Agrumes: L’interprofession minée par des «divisions»

Rien ne va plus pour la filière agrumicole. La crise est profonde et n’a rien à voir avec le climat ou la mauvaise conjoncture internationale. «Elle est plutôt d’ordre structurel», conviennent les participants au dernier forum organisé à Agadir à l’initiative de l’Association des producteurs d’agrumes du Maroc (Aspam).

Certes, l’actuelle campagne d’export en est le détonateur, avec à la clé deux régions sinistrées, mais les causes profondes remontent à plusieurs années. Résultat, «une perte estimée à 7 milliards de DH lors de cette campagne 2016-2017», annonce le président de l’Aspam, Abdallah Jrid.

Et pour cause! Le mauvais départ pris par l’interprofession pour le déploiement du contrat-programme.

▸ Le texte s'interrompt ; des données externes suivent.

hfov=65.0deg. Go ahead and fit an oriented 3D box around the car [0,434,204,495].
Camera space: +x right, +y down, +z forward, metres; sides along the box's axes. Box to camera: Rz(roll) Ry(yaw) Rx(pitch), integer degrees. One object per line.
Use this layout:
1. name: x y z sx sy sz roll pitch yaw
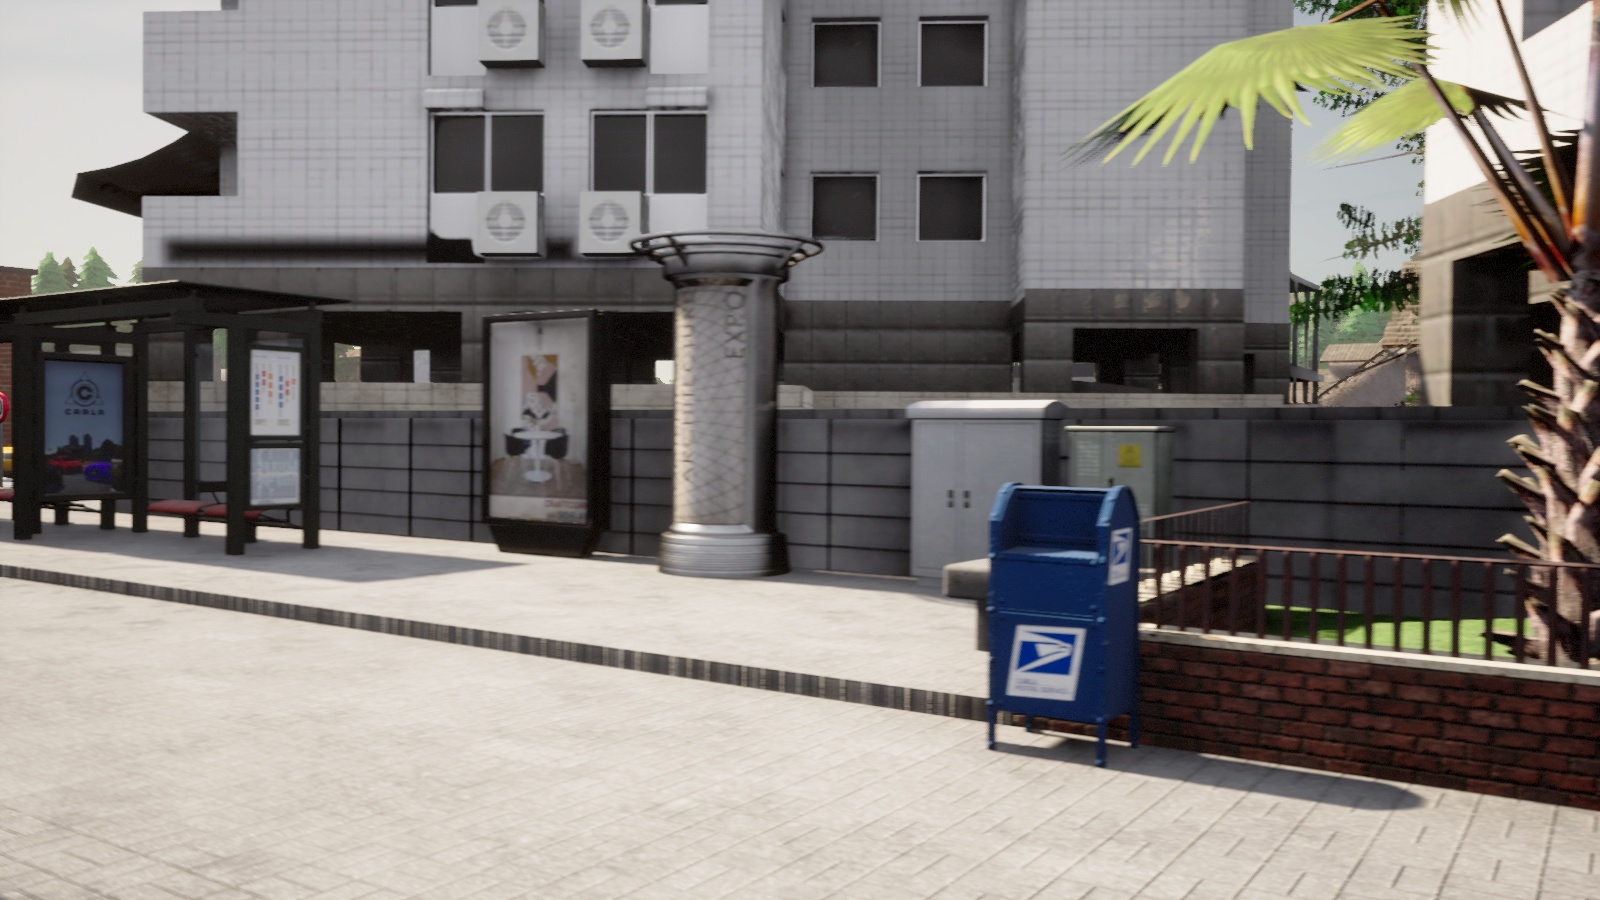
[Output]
1. car: -20.057 0.364 35.783 1.801 1.575 5.366 0 1 34
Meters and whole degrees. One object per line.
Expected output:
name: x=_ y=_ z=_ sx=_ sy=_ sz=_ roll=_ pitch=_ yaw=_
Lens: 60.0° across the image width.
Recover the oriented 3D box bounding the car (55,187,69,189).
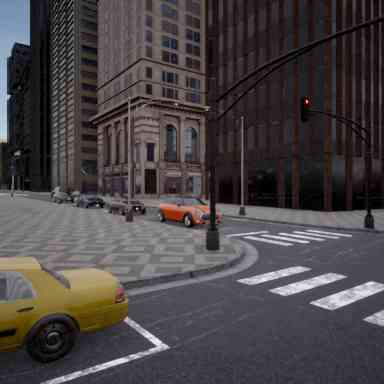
car: x=-21.924 y=0.132 z=55.759 sx=2.150 sy=2.045 sz=5.566 roll=0 pitch=1 yaw=-36

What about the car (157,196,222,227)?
car: x=-0.218 y=1.049 z=20.093 sx=2.097 sy=1.767 sz=4.553 roll=0 pitch=1 yaw=-36

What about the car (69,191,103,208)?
car: x=-10.834 y=0.892 z=34.937 sx=2.033 sy=1.411 sz=5.357 roll=0 pitch=1 yaw=-35

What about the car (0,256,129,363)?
car: x=-3.261 y=1.525 z=4.323 sx=4.829 sy=1.417 sz=1.752 roll=0 pitch=0 yaw=-35

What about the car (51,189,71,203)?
car: x=-16.670 y=0.661 z=43.144 sx=1.837 sy=1.490 sz=4.892 roll=0 pitch=1 yaw=-36

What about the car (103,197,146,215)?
car: x=-5.412 y=1.087 z=27.353 sx=1.994 sy=1.385 sz=4.181 roll=0 pitch=1 yaw=-36
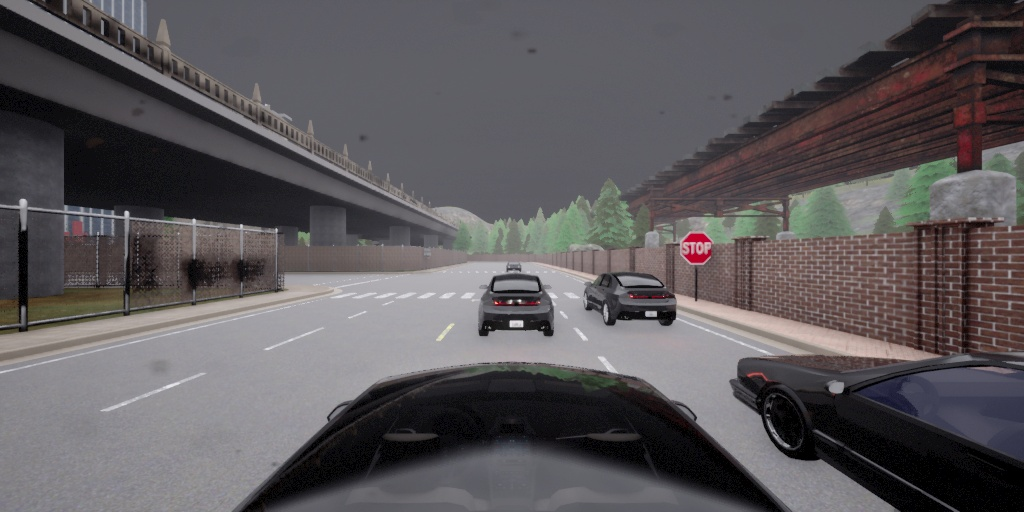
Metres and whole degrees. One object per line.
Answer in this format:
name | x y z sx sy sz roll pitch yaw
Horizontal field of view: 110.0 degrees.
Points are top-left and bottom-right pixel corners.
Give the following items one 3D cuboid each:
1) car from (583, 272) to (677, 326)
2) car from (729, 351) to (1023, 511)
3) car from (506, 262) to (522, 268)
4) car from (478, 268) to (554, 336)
car | 3.605 1.255 11.692 1.837 1.490 4.892 0 0 0
car | 3.600 1.297 1.945 2.033 1.411 5.357 0 0 0
car | 0.218 1.351 45.405 1.895 1.301 4.718 0 0 -1
car | 0.103 1.255 10.334 1.837 1.490 4.892 0 0 0
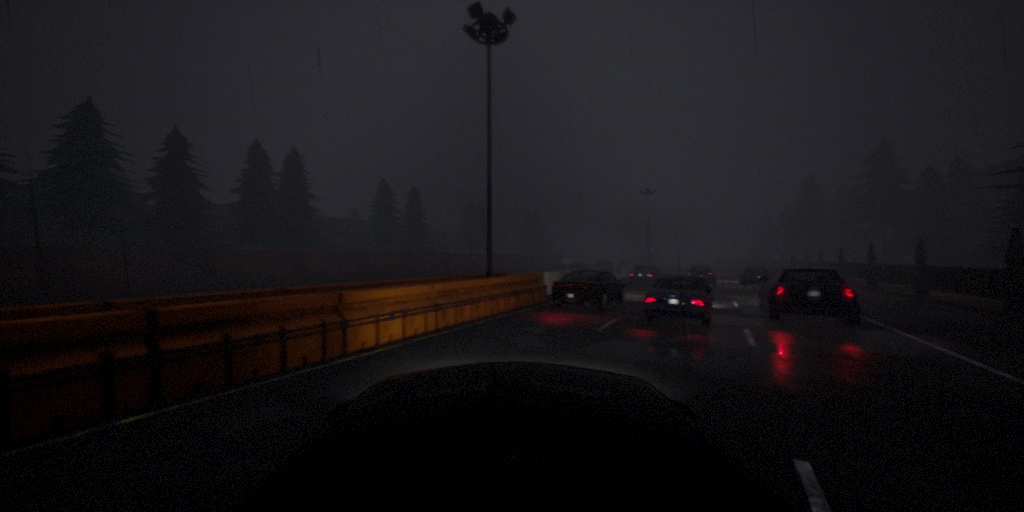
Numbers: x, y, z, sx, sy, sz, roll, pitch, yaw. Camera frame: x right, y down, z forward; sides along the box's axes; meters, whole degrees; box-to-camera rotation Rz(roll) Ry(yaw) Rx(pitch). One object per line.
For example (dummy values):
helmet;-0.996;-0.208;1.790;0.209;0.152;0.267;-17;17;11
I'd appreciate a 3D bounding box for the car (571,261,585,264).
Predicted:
car;10.352;1.502;56.297;1.994;1.385;4.181;0;0;28

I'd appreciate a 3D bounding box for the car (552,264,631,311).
car;3.350;1.272;15.024;1.882;1.535;5.008;0;0;30

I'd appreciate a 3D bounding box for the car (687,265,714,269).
car;14.309;1.385;27.237;1.994;1.385;4.181;0;0;30

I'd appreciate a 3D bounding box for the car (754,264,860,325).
car;9.838;1.123;12.256;2.097;1.767;4.553;0;0;30

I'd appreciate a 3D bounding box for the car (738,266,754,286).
car;17.352;1.373;25.504;1.994;1.385;4.181;0;0;30

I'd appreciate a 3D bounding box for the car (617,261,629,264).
car;16.639;1.441;53.234;1.812;1.442;4.674;0;0;28

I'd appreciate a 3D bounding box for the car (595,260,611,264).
car;14.292;1.436;56.310;1.837;1.490;4.892;0;0;27

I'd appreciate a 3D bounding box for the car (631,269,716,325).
car;5.749;1.327;12.183;2.033;1.411;5.357;0;0;30

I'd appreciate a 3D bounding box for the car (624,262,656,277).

Alors que les plantations ont pris le régime turbo, les autres composantes de la filière affichent moult dysfonctionnements. La part exportable stagne autour de 25% de la production avec une chute tendancielle de la recette du producteur. Panne sèche également de la transformation qui fait appel de plus en plus à l’import pour son approvisionnement. Et la logistique, en particulier l’emballage et le conditionnement, bien qu’elle tourne à moins de 40% de sa capacité, affiche des insuffisances, voire une absence dans certaines régions. Pourtant, tout le monde s’accorde pour constater que «des efforts importants ont été réalisés en ce qui concerne les plantations». Surtout l’extension du verger agrumicole. Depuis la signature du contrat-programme, la superficie a augmenté de 47% à 125.000 ha.

Ce qui dégage une hausse de 20% par rapport à l’objectif du contrat fixé à 101.000 ha. Pourquoi a-t-on fermé l’œil sur cet énorme écart pour une spéculation trop exigeante en eau et dont les périmètres ont toujours été délimités par la loi? A titre d’exemple, le quota réservé à la région d’Agadir, qui souffre d’un déficit hydrique chronique, ne devait pas dépasser 1.000 ha. Aujourd’hui, nul ne se hasarde (administration et profession) à avancer un chiffre. Avec quelles variétés les nouvelles plantations ont-elles été réalisées? Plusieurs producteurs ont eu la mauvaise surprise de se retrouver avec des variétés qu’ils n’ont pas commandées. Ceci est largement constaté pour la clémentine Bekria dont le profil variétal est constitué de très précoce, précoce et tardif. Mais sur le terrain, c’est la clémentine commune qui prédomine. Du coup, la concentration sur 3 à 4 mois de l’export des petits fruits. Ce qui explique également les gros dégâts financiers subis par les producteurs tant au niveau du marché local qu’à l’export. La dérive, explique un producteur du Gharb, tient au fait que les subventions ont été distribuées à tour de bras via les opérateurs en charge de pépinières et du matériel d’irrigation.

En revanche, le renouvellement des vieilles plantations s’est caractérisé par un retard inexplicable. «A peine 3.000 ha ont été régénérés sur les 30.000 prévus par le contrat-programme», relève Mohamed Sadiki, secrétaire général du ministère de l’Agriculture. Tout au plus, 10% de l’objectif en 2018. Un retard qui ne sera pas rattrapé d’ici cette échéance. Le même constat est valable pour l’export dont le volume devrait se situer entre 1,2 et 1,3 million de tonnes l’année prochaine. Et en 2018, la production devrait frôler les 3 millions de tonnes, compte tenu de l’arrivée en pleine production d’une part importante des nouvelles plantations.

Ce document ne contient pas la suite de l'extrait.